What is being asked = When you reach the line with "Click the passage", start repeating the lines exactly and keep going to the end of the records, but drop every picture.

Records for processing =
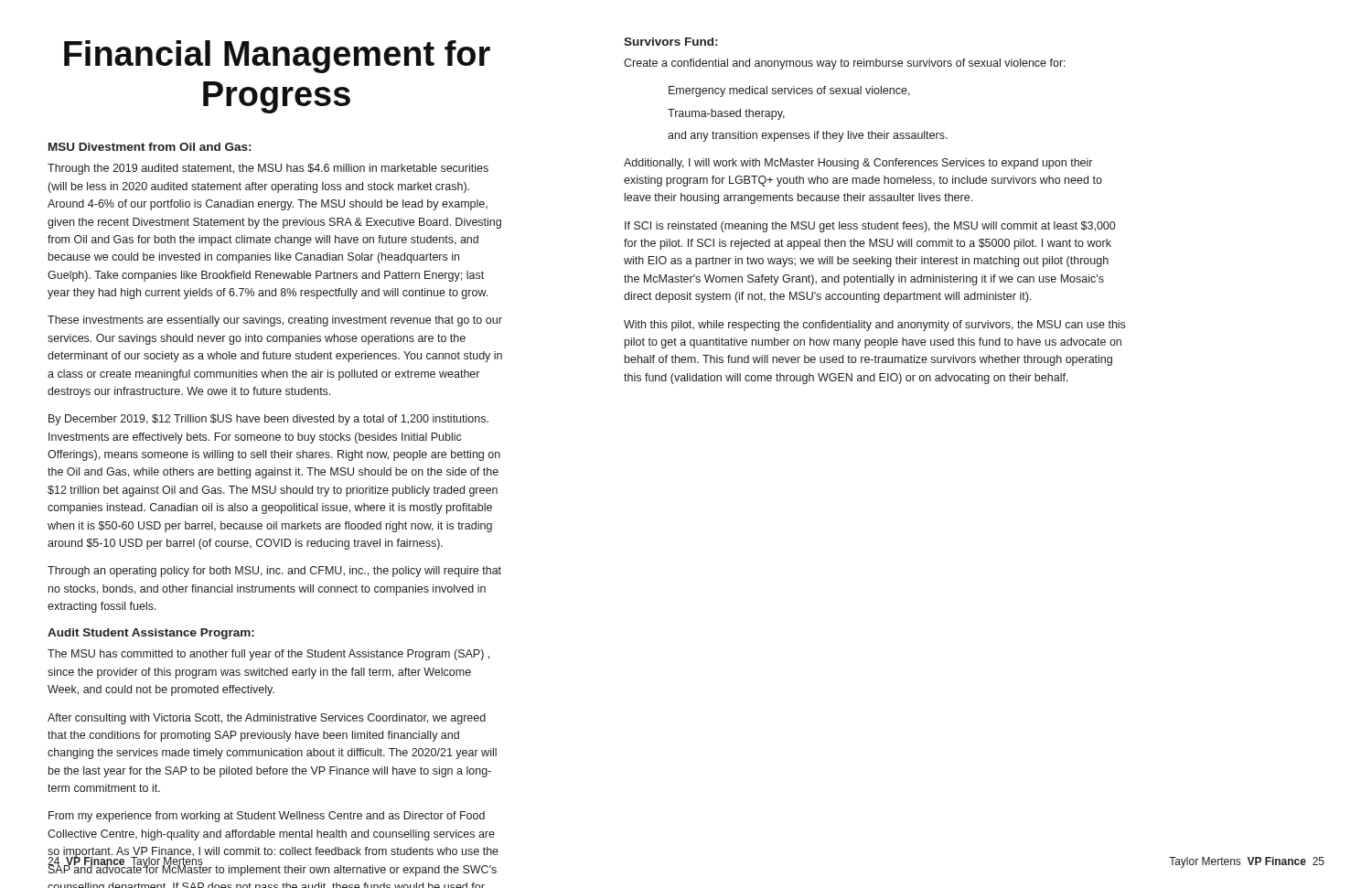Find the list item with the text "and any transition"
This screenshot has width=1372, height=888.
click(808, 135)
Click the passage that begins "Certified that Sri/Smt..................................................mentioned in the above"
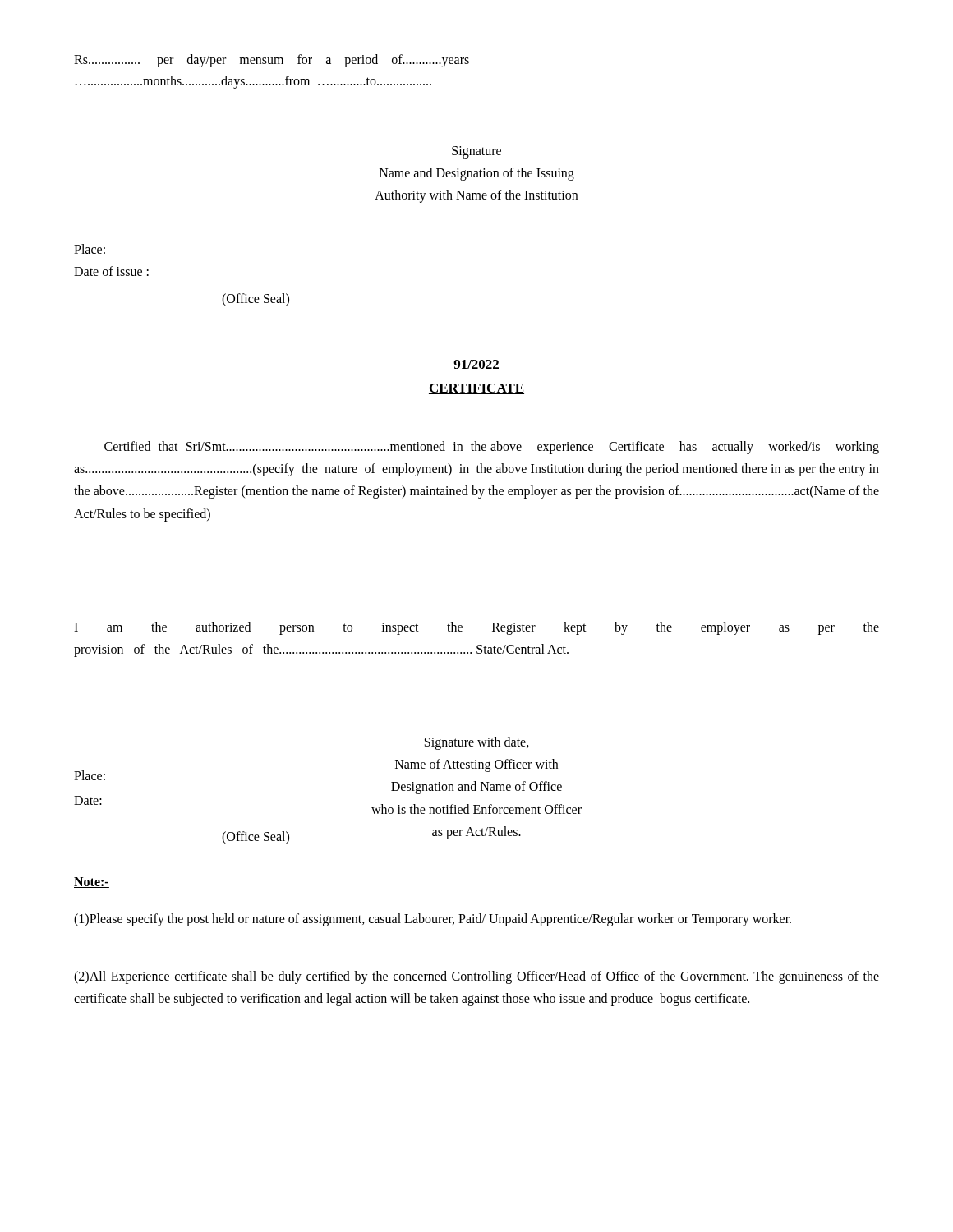The width and height of the screenshot is (953, 1232). tap(476, 480)
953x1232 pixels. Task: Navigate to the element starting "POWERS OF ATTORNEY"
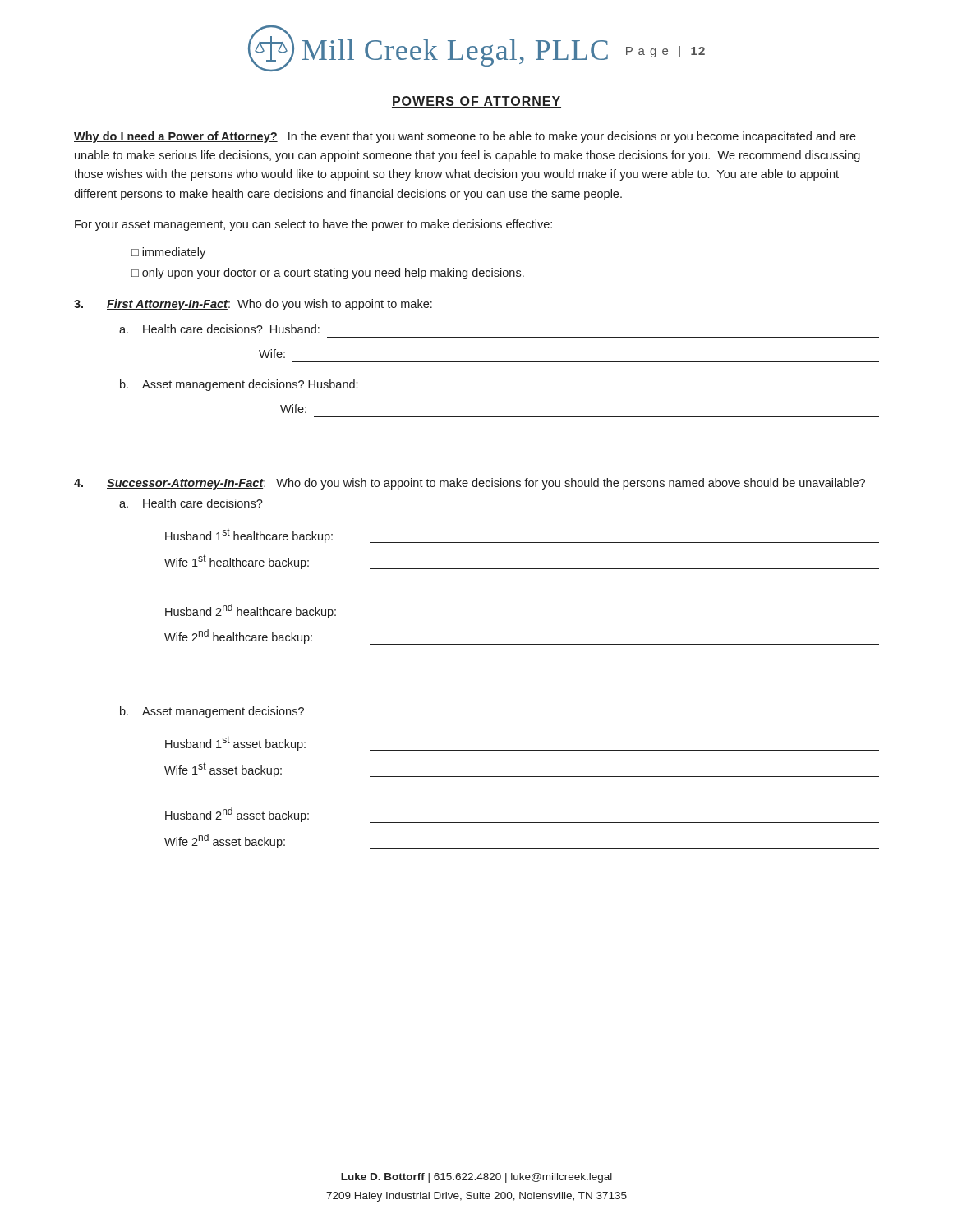[476, 101]
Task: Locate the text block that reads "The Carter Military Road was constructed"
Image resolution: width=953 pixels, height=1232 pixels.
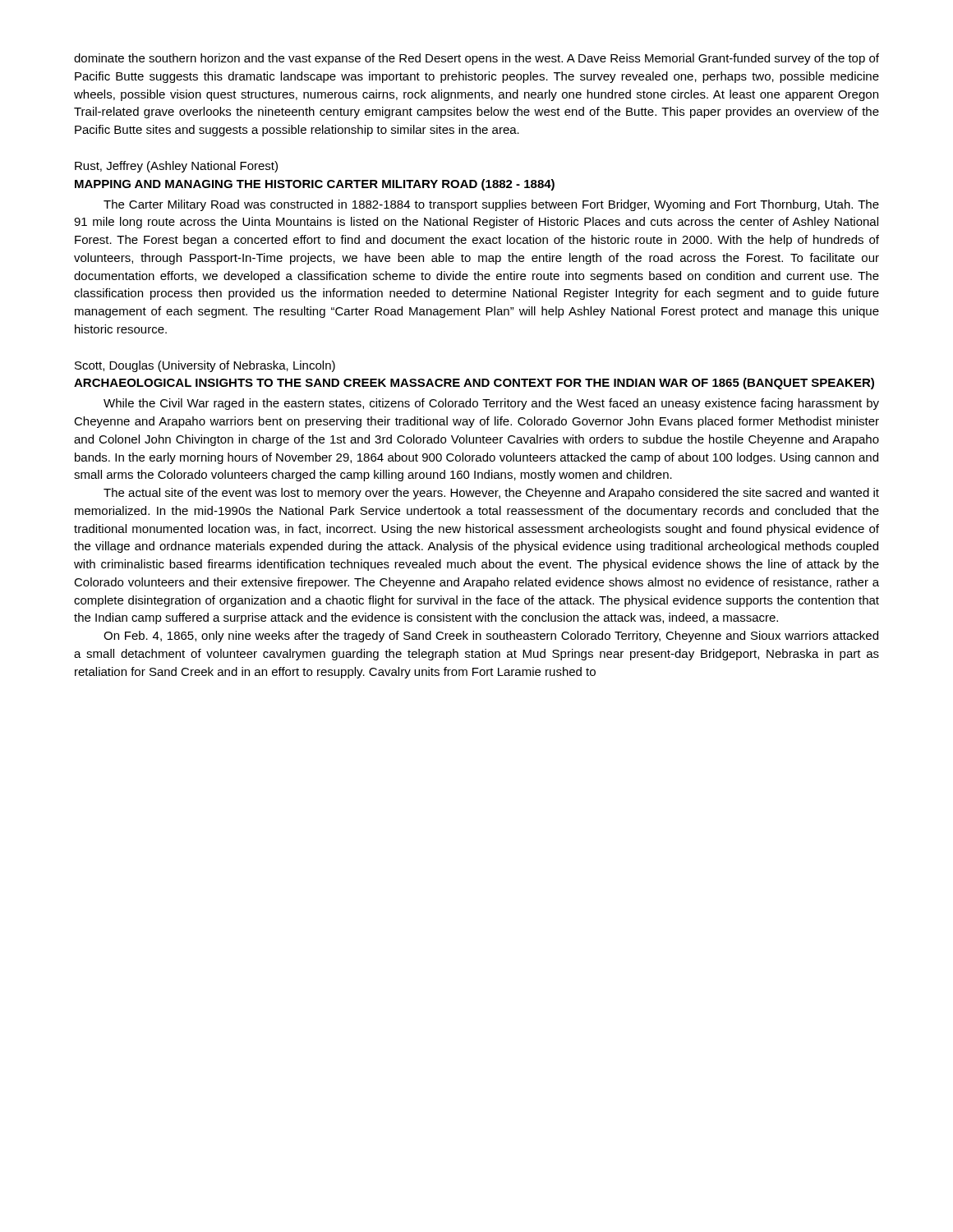Action: point(476,266)
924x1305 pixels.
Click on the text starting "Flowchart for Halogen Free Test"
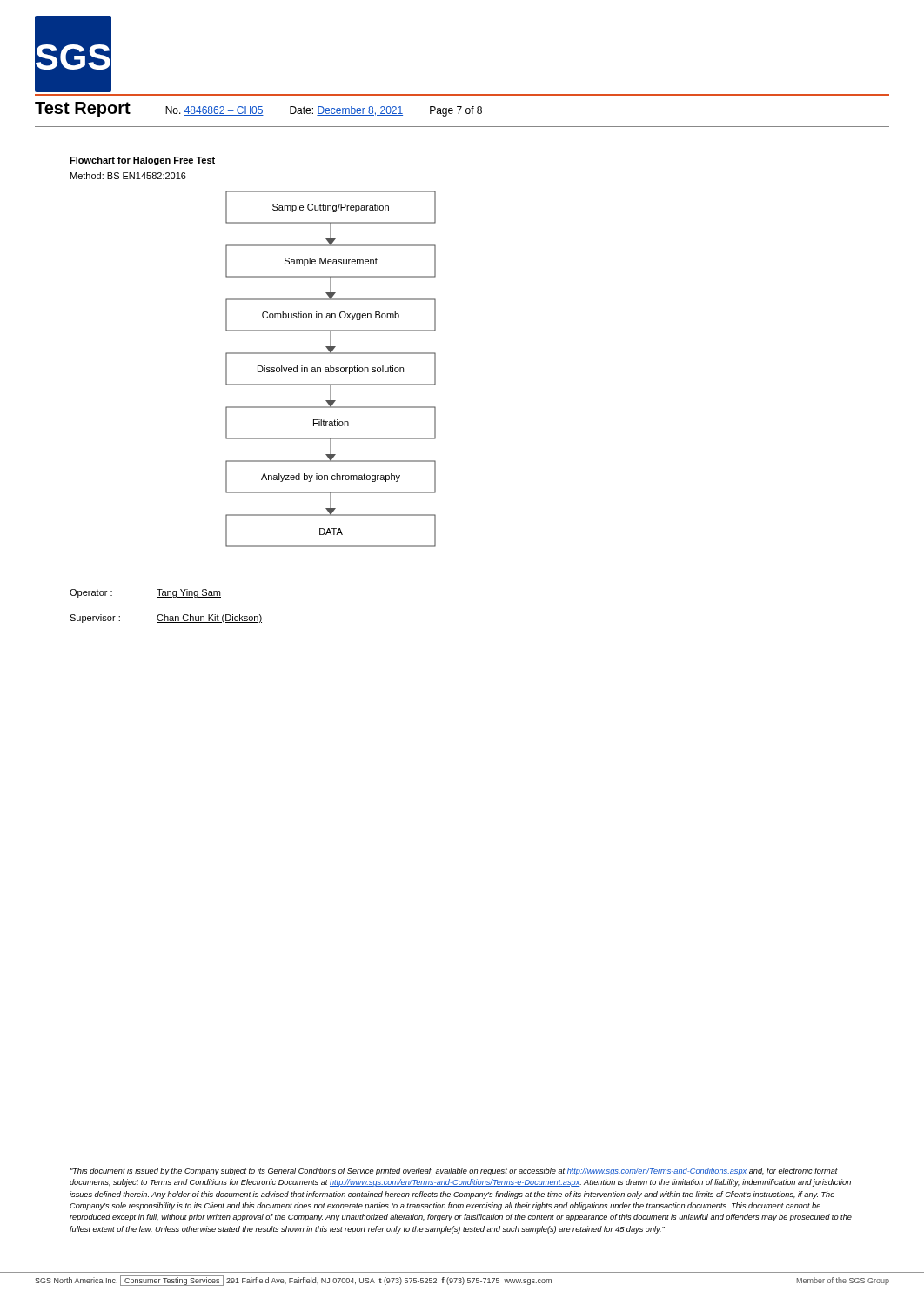click(142, 160)
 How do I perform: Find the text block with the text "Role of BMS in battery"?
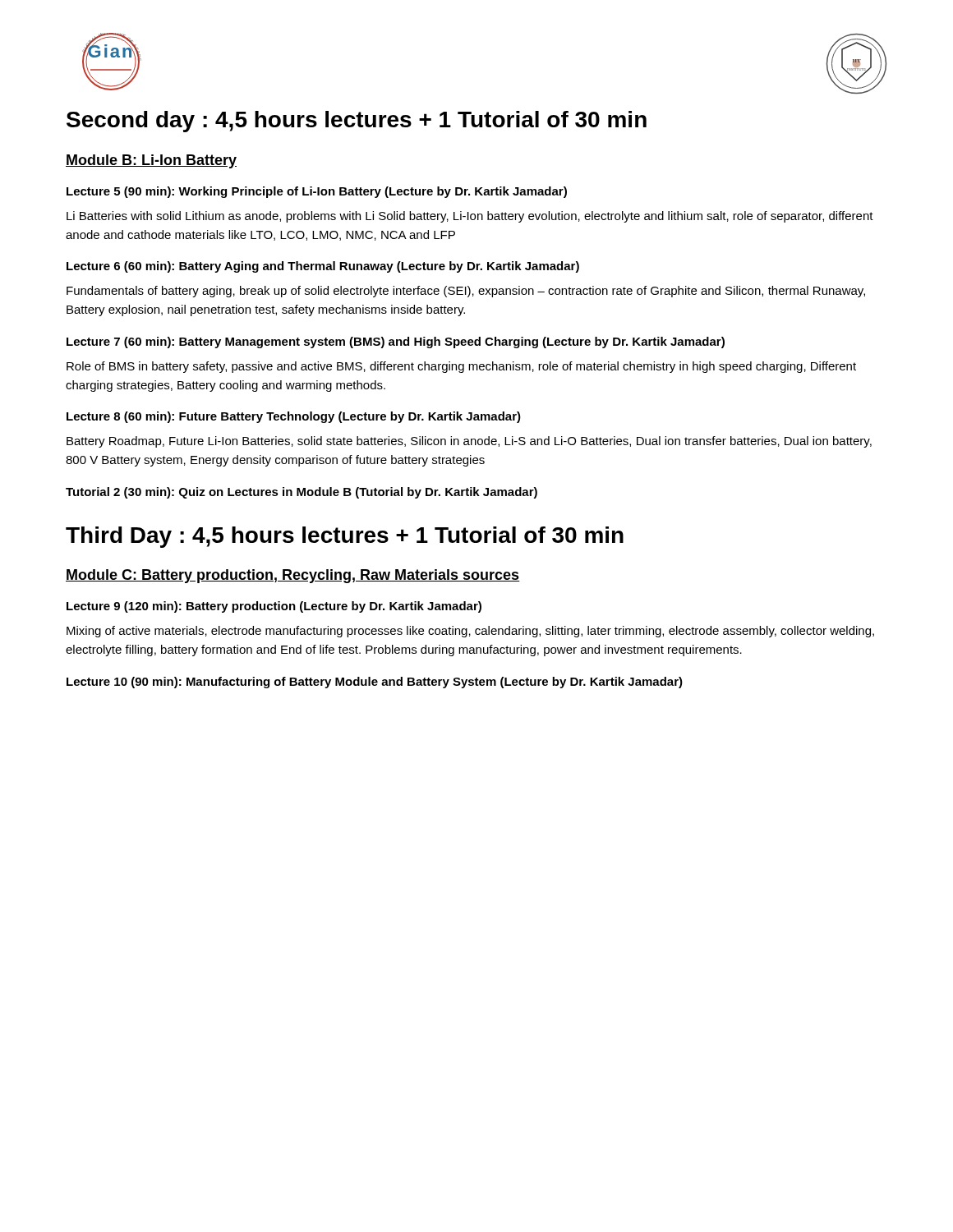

Solution to the problem =
Click the passage that begins "Certified that Sri/Smt..................................................mentioned in the above"
The width and height of the screenshot is (953, 1232). tap(476, 480)
953x1232 pixels. Task: Navigate to the element starting "POWERS OF ATTORNEY"
[476, 101]
Task: Locate the text block that reads "The Carter Military Road was constructed"
Image resolution: width=953 pixels, height=1232 pixels.
Action: point(476,266)
924x1305 pixels.
Click on the text starting "Flowchart for Halogen Free Test"
click(142, 160)
 How do I perform: Find the text block with the text "Role of BMS in battery"?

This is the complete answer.